In the second suit, which may be called the Building Company Case, the bill avers that O’Brien, with the same P. P. Anderson and Lashar, organized at substantially the same time' that they launched the Land Company another Connecticut corporation, viz. the Building Company, with a share capital of $10,000, of which each of these three men took in effect one-third, and paid into the treasury, Lashar $1,000, O’Brien $740, and Anderson $500. The business of this concern was to deal in real estate and “all rights pertinent thereto.” Plaintiff continued to be secretary and director of the Building Company until August 15, 1919, and is still a stockholder; neither he nor any other shareholder has paid in on stock subscription more than the amounts above stated.
The bill then charges that about April 10, 1918, P. P. Anderson, being the treasurer of the Building Company, “misappropriated and converted to his own use and benefit” $700 belonging to the corporation, and when the same Anderson filed his annual treasurer’s report in August, 1919, he said nothing about this $700, and “further failed to account for the sum of $500, being the amount of a mortgage” made to the Building Company by one Hutchinson, and in said report he “falsely states and shows a disbursement of $4,000,” when in fact no such sum was “disbursed or paid out.”

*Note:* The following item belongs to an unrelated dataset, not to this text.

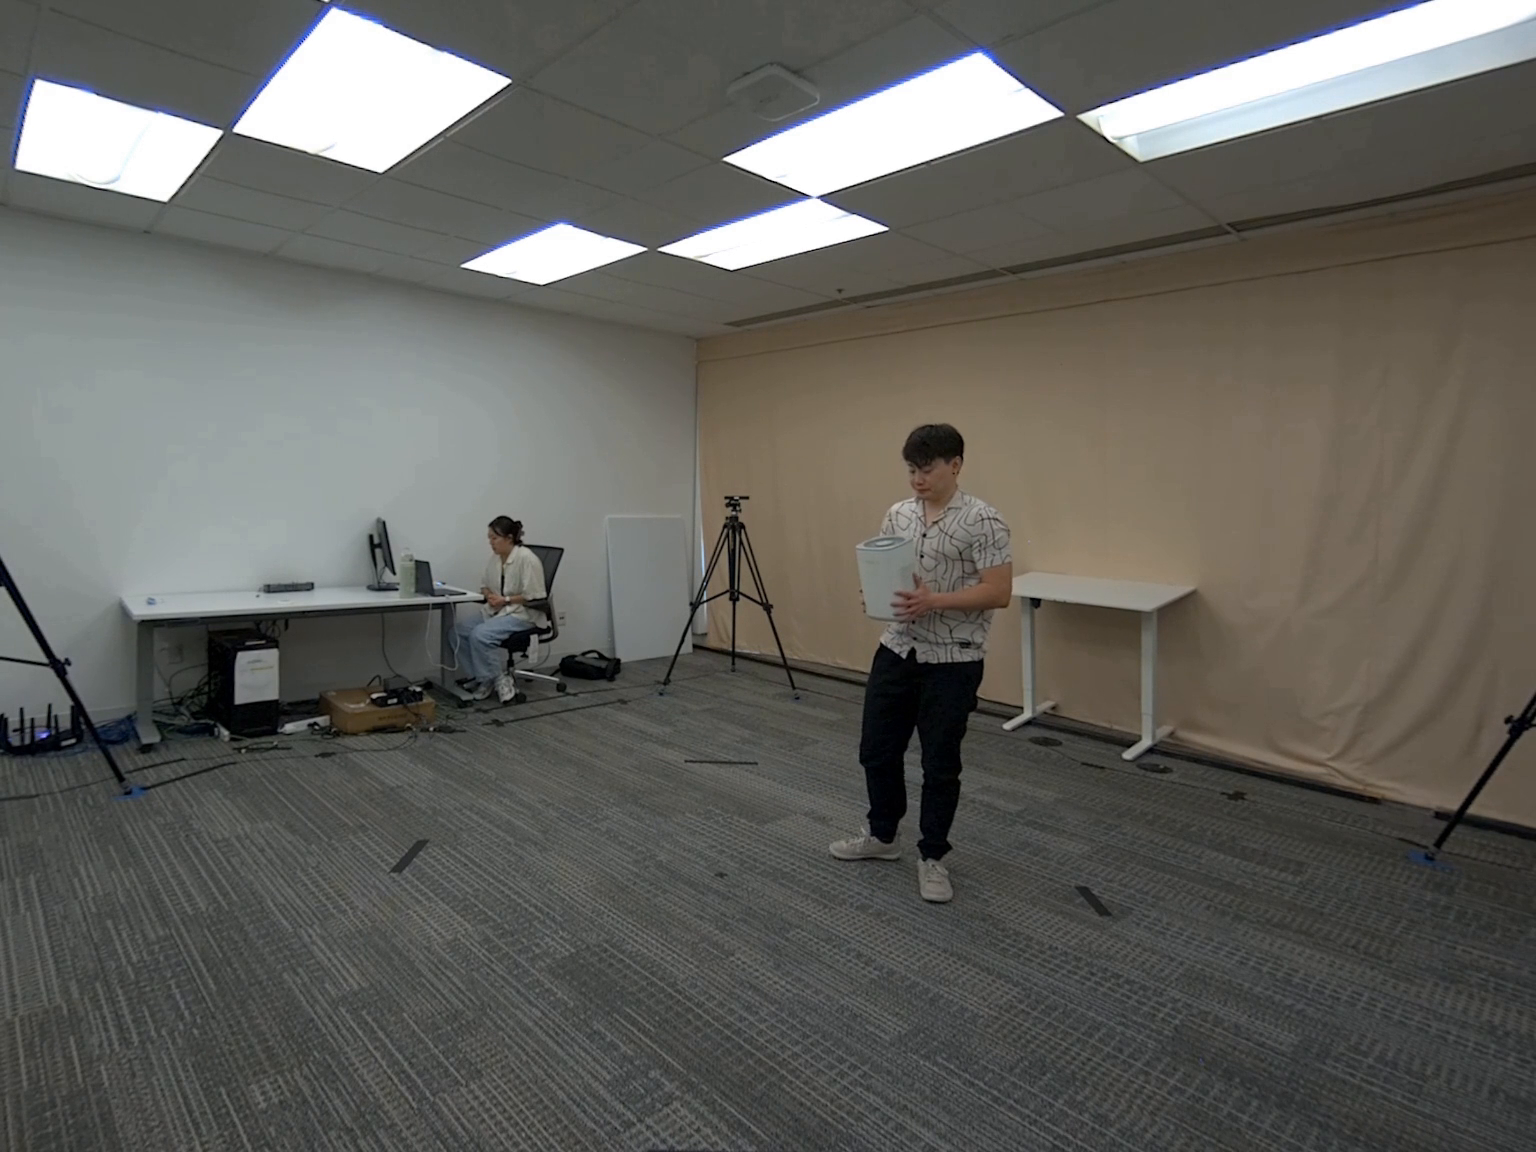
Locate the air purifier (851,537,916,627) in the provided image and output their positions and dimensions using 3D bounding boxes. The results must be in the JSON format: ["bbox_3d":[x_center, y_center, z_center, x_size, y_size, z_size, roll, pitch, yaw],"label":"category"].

It is then charged that the Building Company is insolvent by reason of outstanding debts amounting to over $5,000, and is “unable to continue in business * * * by reason of its inability to obtain money or credit” and the failure (of the other shareholders, directors and defendants) to compel the treasurer, Anderson, “to pay into the corporation the moneys misappropriated by him.” The bill contains the usual allegations that plaintiff was a stockholder at the time' of the transactions complained of, and still' is such stockholder, and that the suit is not collusive, and further that plaintiff, “in an effort to correct the various abuses and neglects of duty on the part pf the defendants, directors and officers of said corporation, has served upon [the defendants] several notices and protests about the mismanagement and misappropriation of the funds of the corporation [by defendant Anderson], but his protestations were unheeded and ignored.”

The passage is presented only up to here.